本発明の多孔質耐熱層の形成方法の一例を示す側面概略図 本発明の多孔質耐熱層の形成方法の一例を示す下面概略図 従来の多孔質耐熱層の形成方法の一例を示す下面概略図
符号の説明
1 グラビアロール
2 塗液
3 合剤層
4 多孔質耐熱層
5 芯材
6 乾燥炉
7 溝
8 制御部
9 塗液槽
10 回転軸

Claims (5)

  1. 活物質を含む合剤層を芯材の上に複数条設けてなる電極フープを走行させ、周面に溝を設けた前記合剤層の条数に対応した数のグラビアロールを前記合剤層と個々に当接させつつその走行方向とは逆向きに回転させることにより、前記合剤層の表面に多孔質耐熱層の前駆体である塗液を塗布する工程を含む多孔質耐熱層の形成方法であって、
    前記合剤層の幅方向の位相変化に相応して、前記グラビアロールを個々に移動させることを特徴とする多孔質耐熱層の形成方法。
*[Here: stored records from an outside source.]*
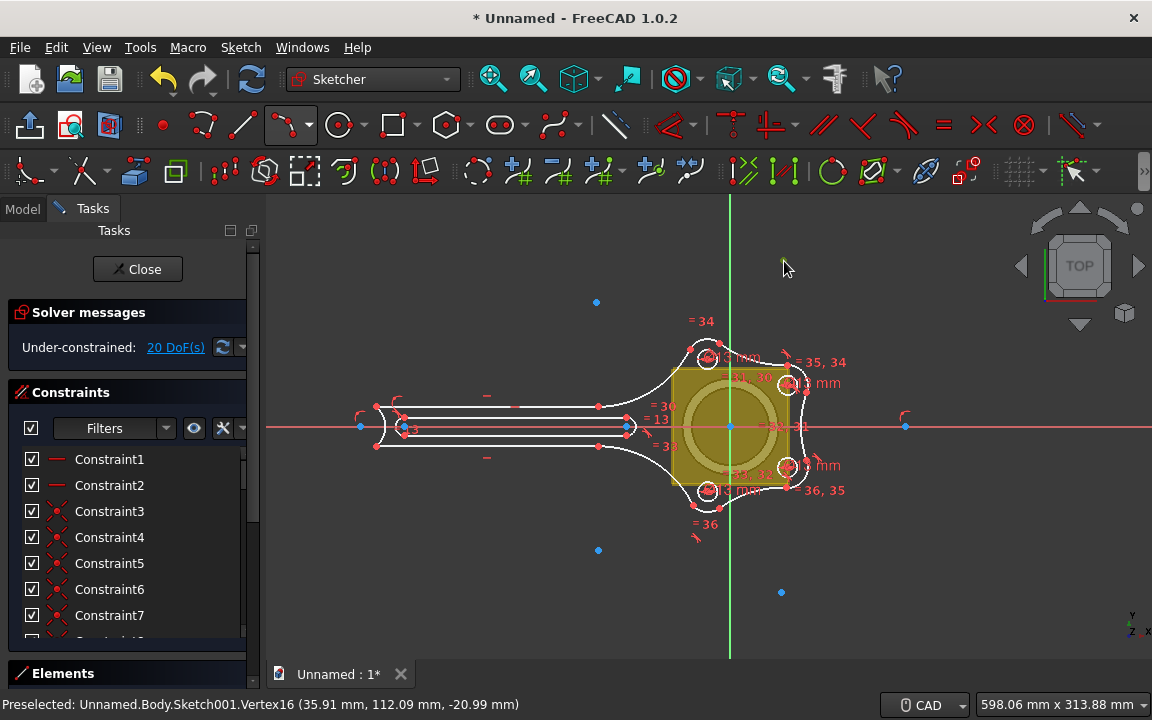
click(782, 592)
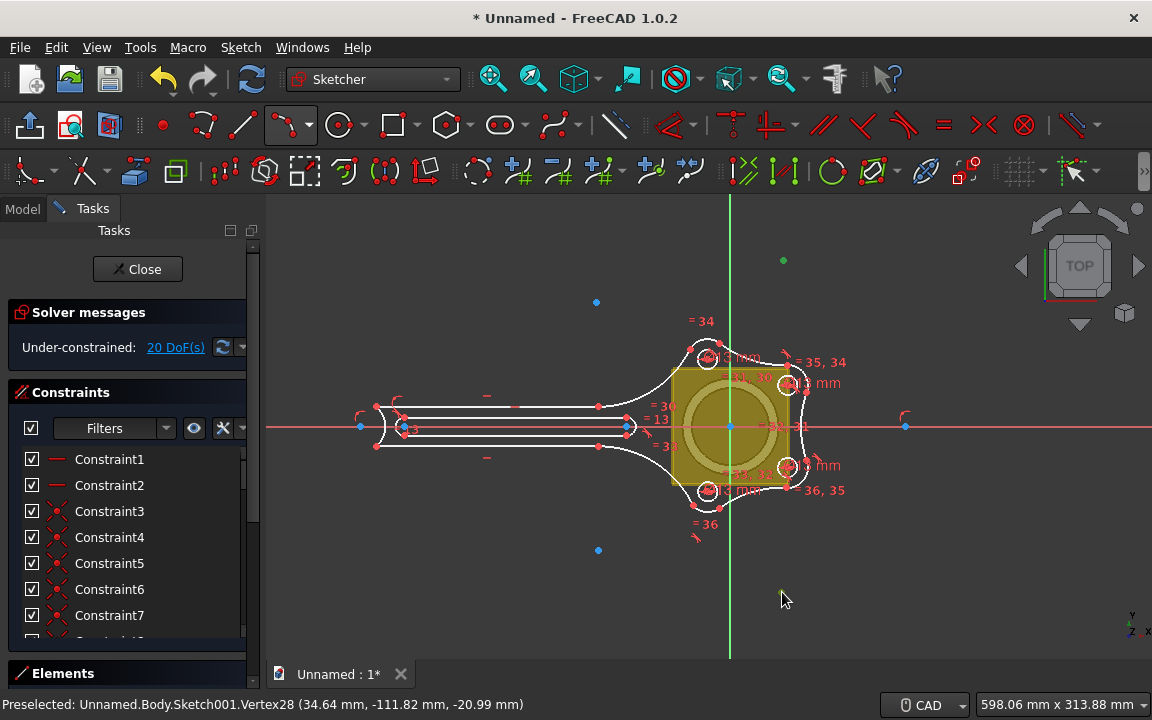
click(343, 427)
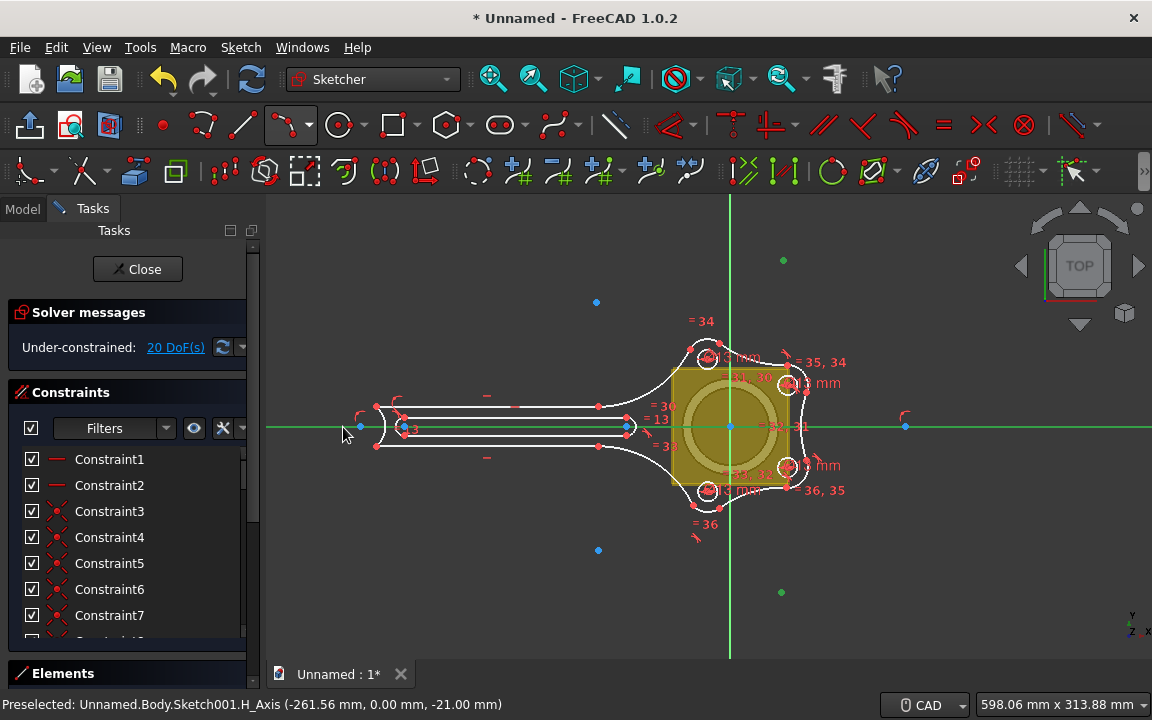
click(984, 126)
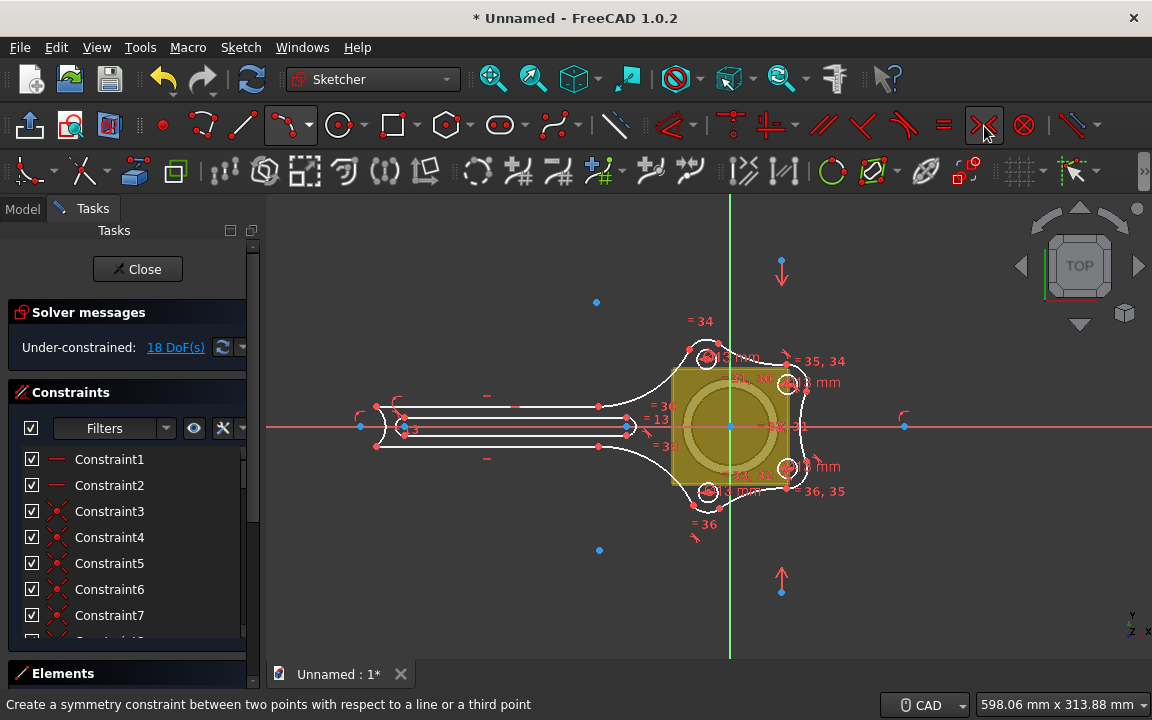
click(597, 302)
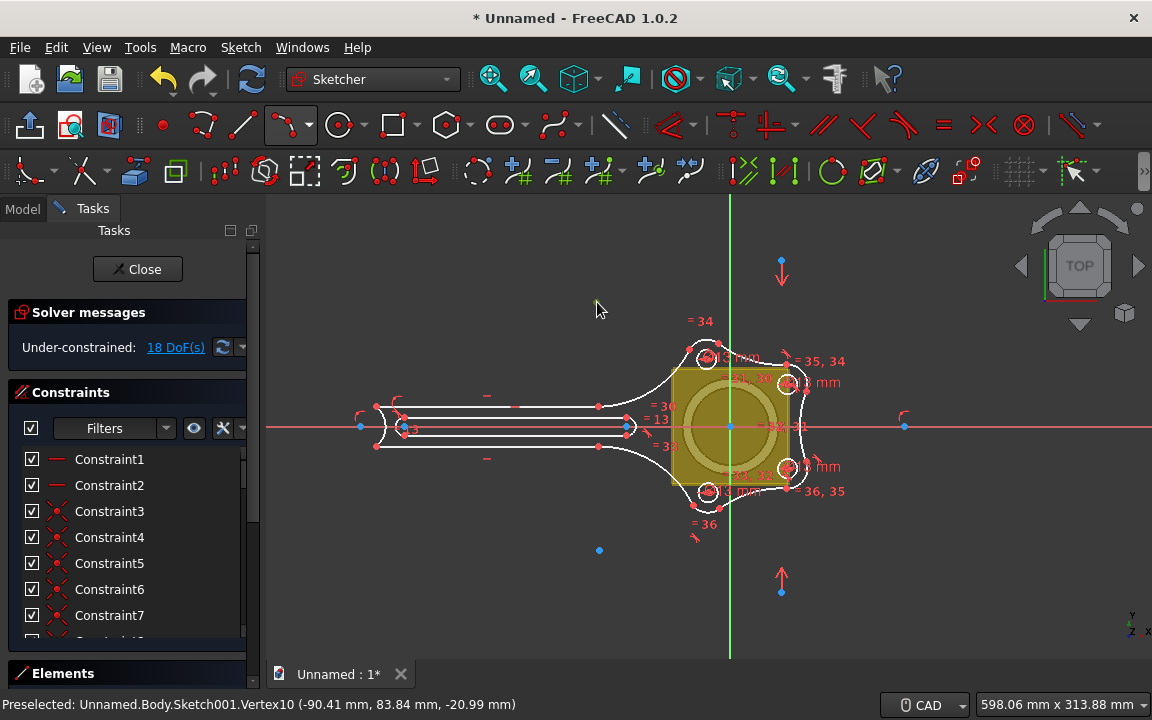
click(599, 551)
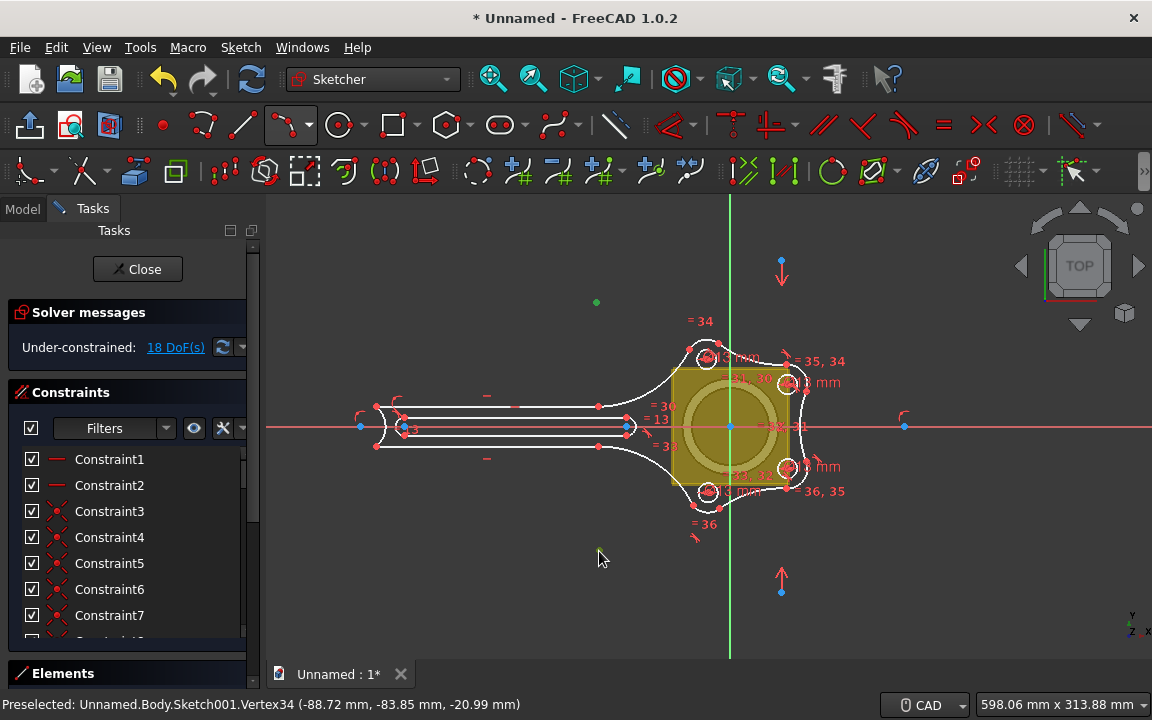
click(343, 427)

  2. 前記塗液を収容する塗液槽を前記グラビアロールに対し個々に設けることを特徴とする、請求項1記載の多孔質耐熱層の形成方法。
  3. 前記塗液に無機酸化物フィラーを含ませたことを特徴とする、請求項2記載の多孔質耐熱層の形成方法。
  4. 活物質を含む合剤層を芯材の上に複数条設けてなる電極フープの表面に、合剤層の条数に対応した数の多孔質耐熱層を形成する多孔質耐熱層の形成装置であって、
    前記電極フープを一定方向に走行させる駆動部と、
    前記合剤層の幅方向の位相変化を検知する検知部と、
    前記多孔質耐熱層の前駆体である塗液を収容する塗液槽と、
    複数条の溝を有し、かつ前記電極フープの走行方向とは逆向きに回転することで、前記塗液槽に収容された前記塗液をこの溝に沿わせて前記合剤層の表面に塗布する機能を有する複数のグラビアロールと、
    前記検知部が検知した前記合剤層の幅方向の位相変化に相応して、前記グラビアロールの当接位置を変化させる制御部と、
    前記合剤層の表面に塗布された前記塗液を乾燥させる乾燥部と、
    を有することを特徴とする多孔質耐熱層の形成装置。
  5. 前記塗液槽を前記グラビアロールに対し個々に設けることを特徴とする、請求項4記載の多孔質耐熱層の形成装置。